Reach at least one node of a kind — a device must be able to reach some DNS server:
result = await client.reachable_nodes(device, target_kinds=["NetworkDnsServer"], max_results=1)
if result.count == 0:
self.log_error(message=f"{device.display_label} cannot reach any DNS server")
Redundancy by kind — at least two NTP servers must be reachable:
result = await client.reachable_nodes(device, target_kinds=["NetworkNtpServer"])
if result.count < 2:
self.log_error(message=f"{device.display_label} reaches only {result.count} NTP server(s); expected at least 2")

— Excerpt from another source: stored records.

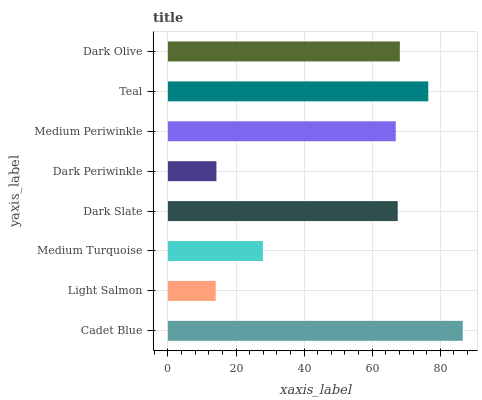Is Light Salmon the minimum?
Answer yes or no. Yes. Is Cadet Blue the maximum?
Answer yes or no. Yes. Is Medium Turquoise the minimum?
Answer yes or no. No. Is Medium Turquoise the maximum?
Answer yes or no. No. Is Medium Turquoise greater than Light Salmon?
Answer yes or no. Yes. Is Light Salmon less than Medium Turquoise?
Answer yes or no. Yes. Is Light Salmon greater than Medium Turquoise?
Answer yes or no. No. Is Medium Turquoise less than Light Salmon?
Answer yes or no. No. Is Dark Slate the high median?
Answer yes or no. Yes. Is Medium Periwinkle the low median?
Answer yes or no. Yes. Is Teal the high median?
Answer yes or no. No. Is Cadet Blue the low median?
Answer yes or no. No. 
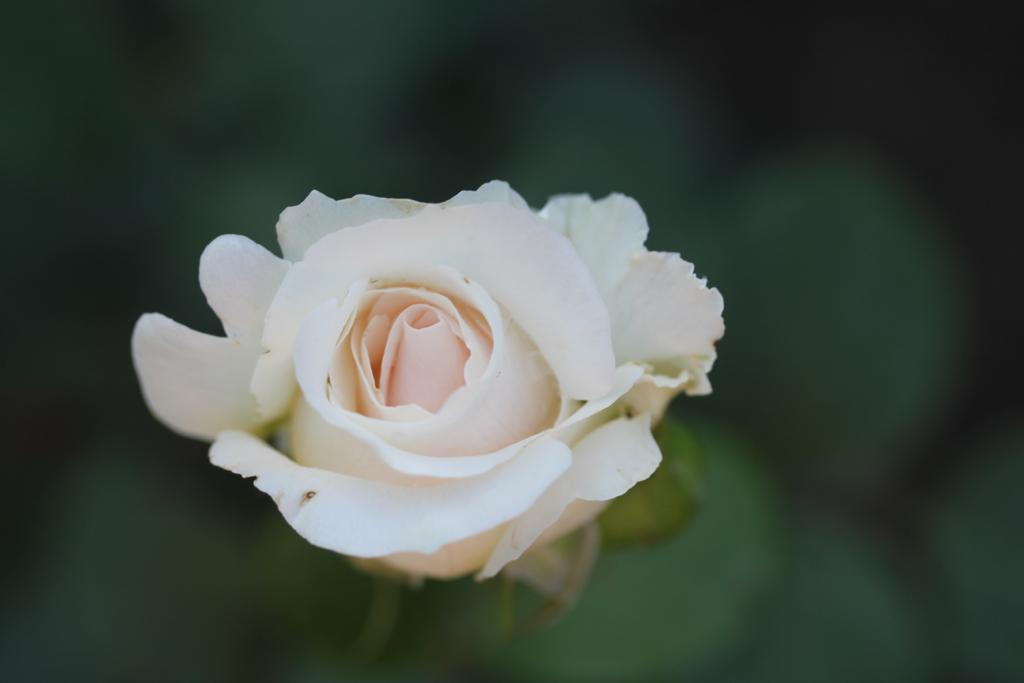Where was the image taken? The image was taken outdoors. What can be observed about the background of the image? The background of the image is blurred. What is the main subject of the image? There is a flower in the middle of the image. What is the color of the flower? The flower is white in color. How much money is being exchanged in the image? There is no money being exchanged in the image; it features a white flower in the outdoors. What type of silk is being used to make the flower in the image? The image does not depict a silk flower; it is a real white flower. 
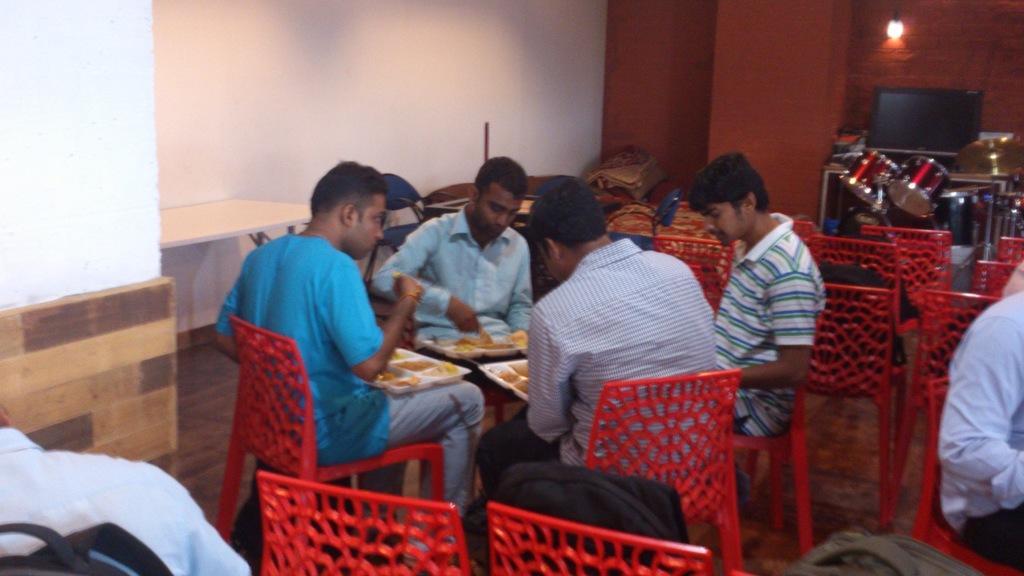Please provide a concise description of this image. In this picture, we can see a group of people sitting on chairs and holding the plates and behind the people there are chairs, drums, cymbal and a wall with a light. 
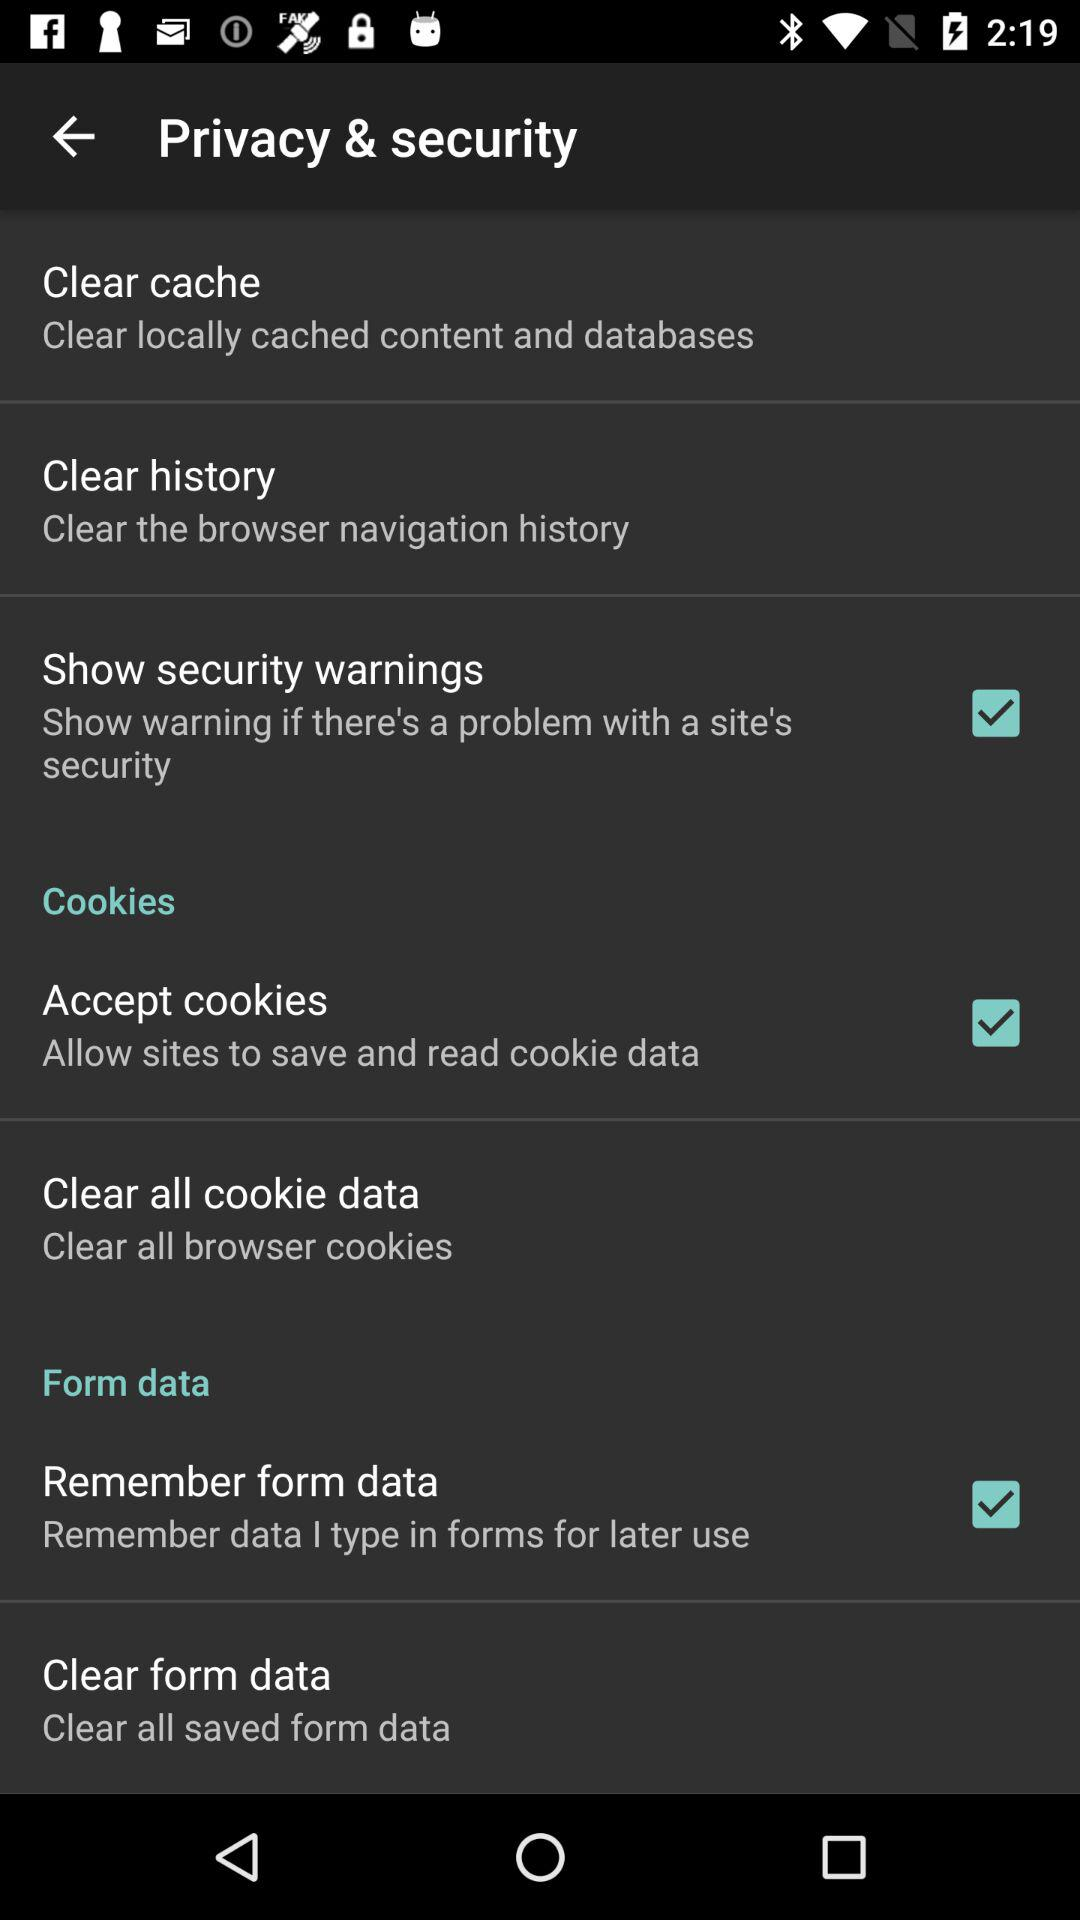How does enabling 'Accept cookies' affect my online privacy? Enabling 'Accept cookies' allows websites to save and read cookie data on your device. This can make your browsing more convenient by remembering login details and setting preferences. However, it also means that websites can track your browsing activities across different sites, which might pose privacy concerns. It's important to balance convenience with your privacy expectations.

Forbidden reach (blast radius / segmentation) — a device must not reach any sensitive asset:
result = await client.reachable_nodes(device, target_kinds=["SecuritySensitiveAsset"], max_results=1)
if result.count:
self.log_error(message=f"{device.display_label} can reach a sensitive asset it should be isolated from")
Report dependencies — enumerate what a node depends on, with how far away each is:
result = await client.reachable_nodes(device, target_kinds=["InfraCircuit", "DcimCable"])
for dep in result.dependencies:
self.log_info(message=f"depends on {dep.node.display_label} ({dep.node.kind}) at depth {dep.depth}")
Handling older servers
from infrahub_sdk.exceptions import VersionNotSupportedError
try:
result = await client.traverse_paths(source=src, destination=dst)
except VersionNotSupportedError as exc:
print(exc) # Graph path traversal requires Infrahub 1.10 or later.
An empty result is not an error: when no path or no reachable node exists within the limits, count is 0 and the list is empty. A request for a node that does not exist raises a GraphQLError.